▸ **Exercise directions**
Restate the records below word for word, and omit the images they hold.

▸ **Provided data**
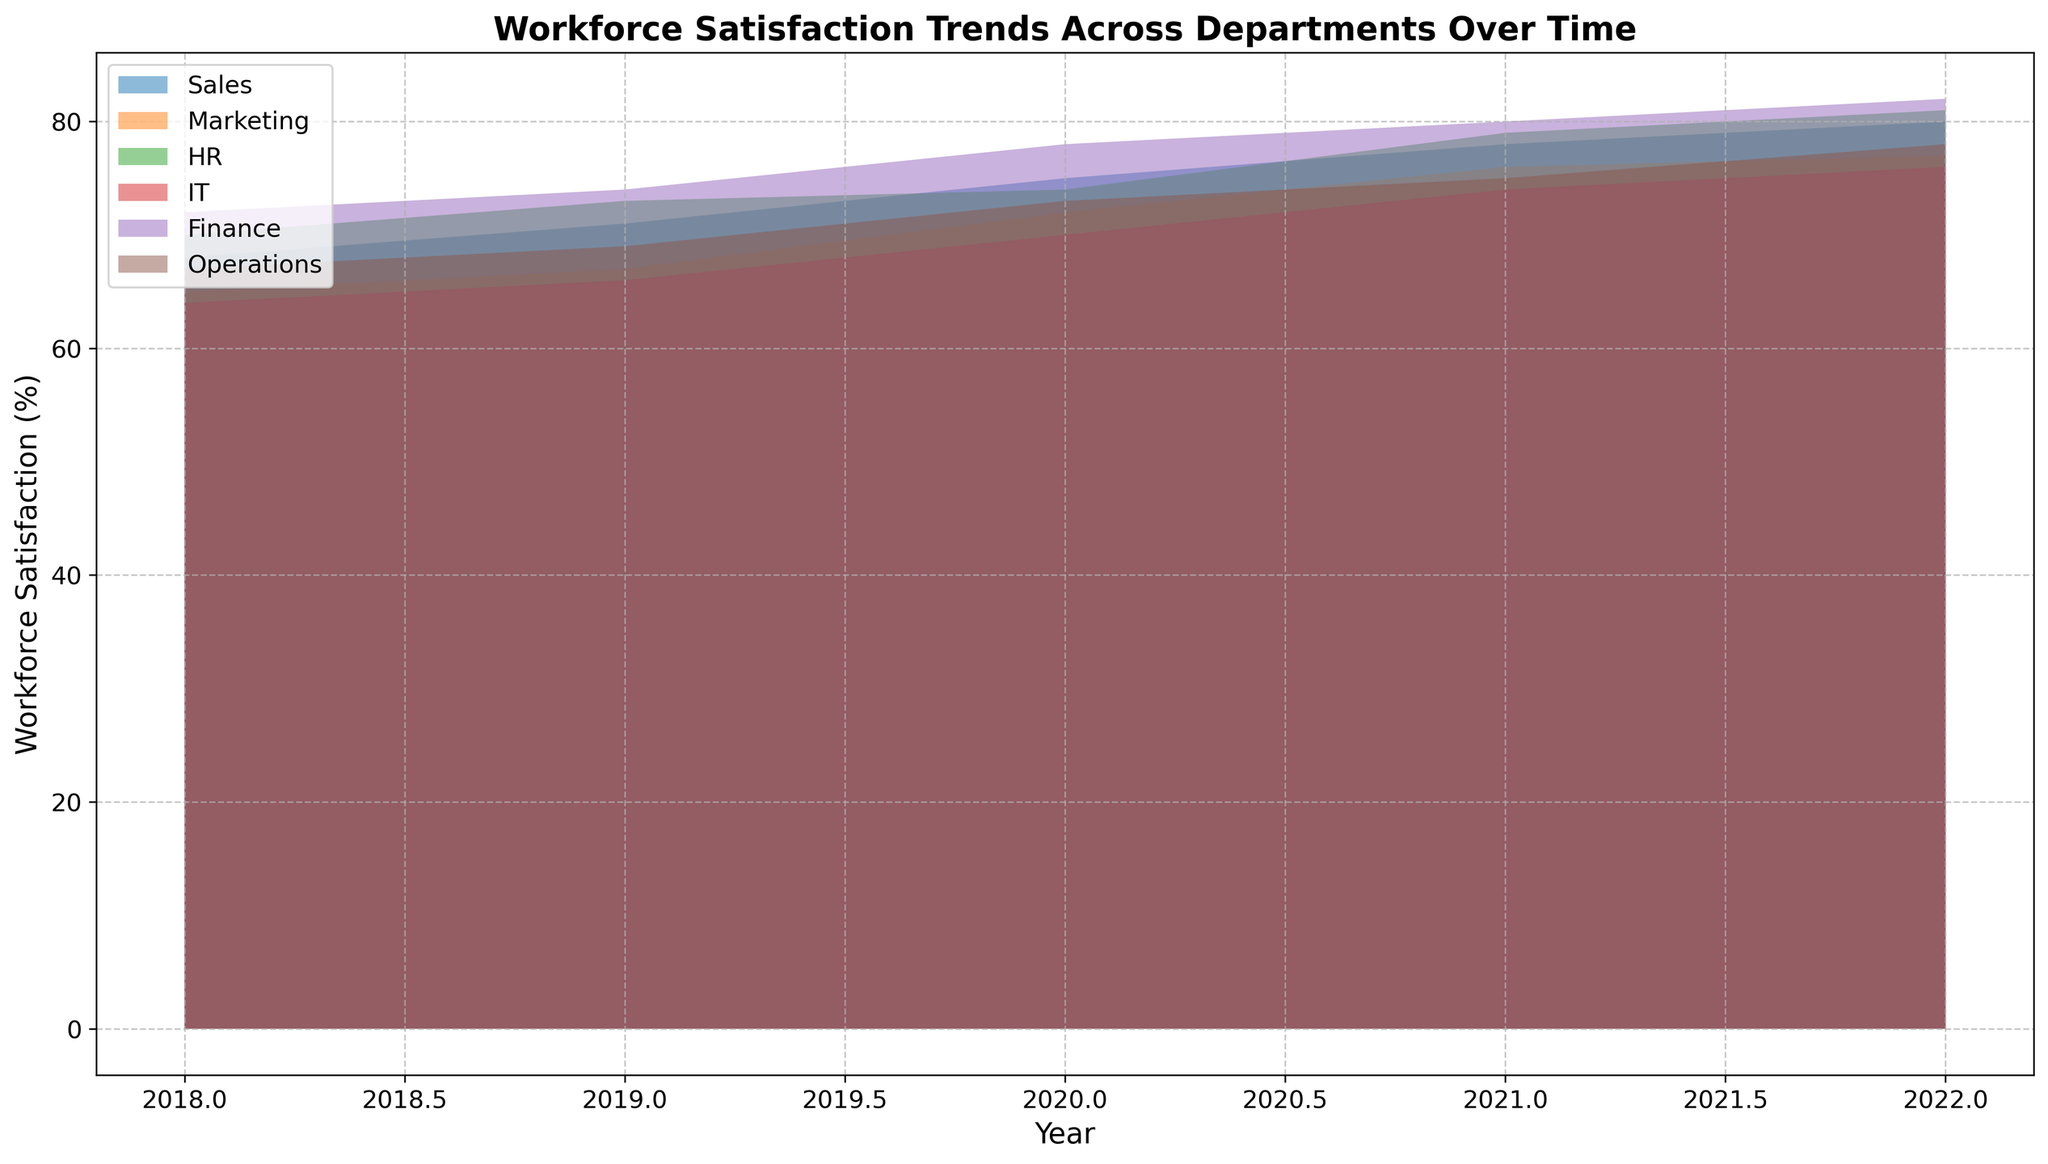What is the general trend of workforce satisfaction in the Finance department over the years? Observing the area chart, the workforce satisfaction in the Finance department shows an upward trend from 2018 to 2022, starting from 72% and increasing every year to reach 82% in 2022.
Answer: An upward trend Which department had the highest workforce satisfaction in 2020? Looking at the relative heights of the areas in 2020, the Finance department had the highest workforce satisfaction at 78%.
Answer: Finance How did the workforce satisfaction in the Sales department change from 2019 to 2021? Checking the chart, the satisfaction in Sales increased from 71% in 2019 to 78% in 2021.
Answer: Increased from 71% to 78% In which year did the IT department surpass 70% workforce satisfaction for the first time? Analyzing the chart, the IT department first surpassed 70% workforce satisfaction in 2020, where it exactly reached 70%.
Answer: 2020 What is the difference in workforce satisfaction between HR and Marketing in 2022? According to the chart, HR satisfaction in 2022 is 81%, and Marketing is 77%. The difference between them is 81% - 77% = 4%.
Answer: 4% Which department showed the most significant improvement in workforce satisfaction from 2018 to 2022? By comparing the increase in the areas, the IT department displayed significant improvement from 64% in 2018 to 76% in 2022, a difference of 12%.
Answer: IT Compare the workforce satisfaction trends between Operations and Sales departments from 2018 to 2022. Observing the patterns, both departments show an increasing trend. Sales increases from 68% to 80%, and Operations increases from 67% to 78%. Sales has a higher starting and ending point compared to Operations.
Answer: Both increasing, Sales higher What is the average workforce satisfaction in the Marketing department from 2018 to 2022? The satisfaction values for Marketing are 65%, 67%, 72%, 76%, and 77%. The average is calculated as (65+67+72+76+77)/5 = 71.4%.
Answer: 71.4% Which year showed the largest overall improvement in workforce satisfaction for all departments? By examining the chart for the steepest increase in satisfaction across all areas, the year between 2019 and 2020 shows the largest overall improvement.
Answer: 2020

▸ **Task solution**
What is the general trend of workforce satisfaction in the Finance department over the years? Observing the area chart, the workforce satisfaction in the Finance department shows an upward trend from 2018 to 2022, starting from 72% and increasing every year to reach 82% in 2022.
Answer: An upward trend Which department had the highest workforce satisfaction in 2020? Looking at the relative heights of the areas in 2020, the Finance department had the highest workforce satisfaction at 78%.
Answer: Finance How did the workforce satisfaction in the Sales department change from 2019 to 2021? Checking the chart, the satisfaction in Sales increased from 71% in 2019 to 78% in 2021.
Answer: Increased from 71% to 78% In which year did the IT department surpass 70% workforce satisfaction for the first time? Analyzing the chart, the IT department first surpassed 70% workforce satisfaction in 2020, where it exactly reached 70%.
Answer: 2020 What is the difference in workforce satisfaction between HR and Marketing in 2022? According to the chart, HR satisfaction in 2022 is 81%, and Marketing is 77%. The difference between them is 81% - 77% = 4%.
Answer: 4% Which department showed the most significant improvement in workforce satisfaction from 2018 to 2022? By comparing the increase in the areas, the IT department displayed significant improvement from 64% in 2018 to 76% in 2022, a difference of 12%.
Answer: IT Compare the workforce satisfaction trends between Operations and Sales departments from 2018 to 2022. Observing the patterns, both departments show an increasing trend. Sales increases from 68% to 80%, and Operations increases from 67% to 78%. Sales has a higher starting and ending point compared to Operations.
Answer: Both increasing, Sales higher What is the average workforce satisfaction in the Marketing department from 2018 to 2022? The satisfaction values for Marketing are 65%, 67%, 72%, 76%, and 77%. The average is calculated as (65+67+72+76+77)/5 = 71.4%.
Answer: 71.4% Which year showed the largest overall improvement in workforce satisfaction for all departments? By examining the chart for the steepest increase in satisfaction across all areas, the year between 2019 and 2020 shows the largest overall improvement.
Answer: 2020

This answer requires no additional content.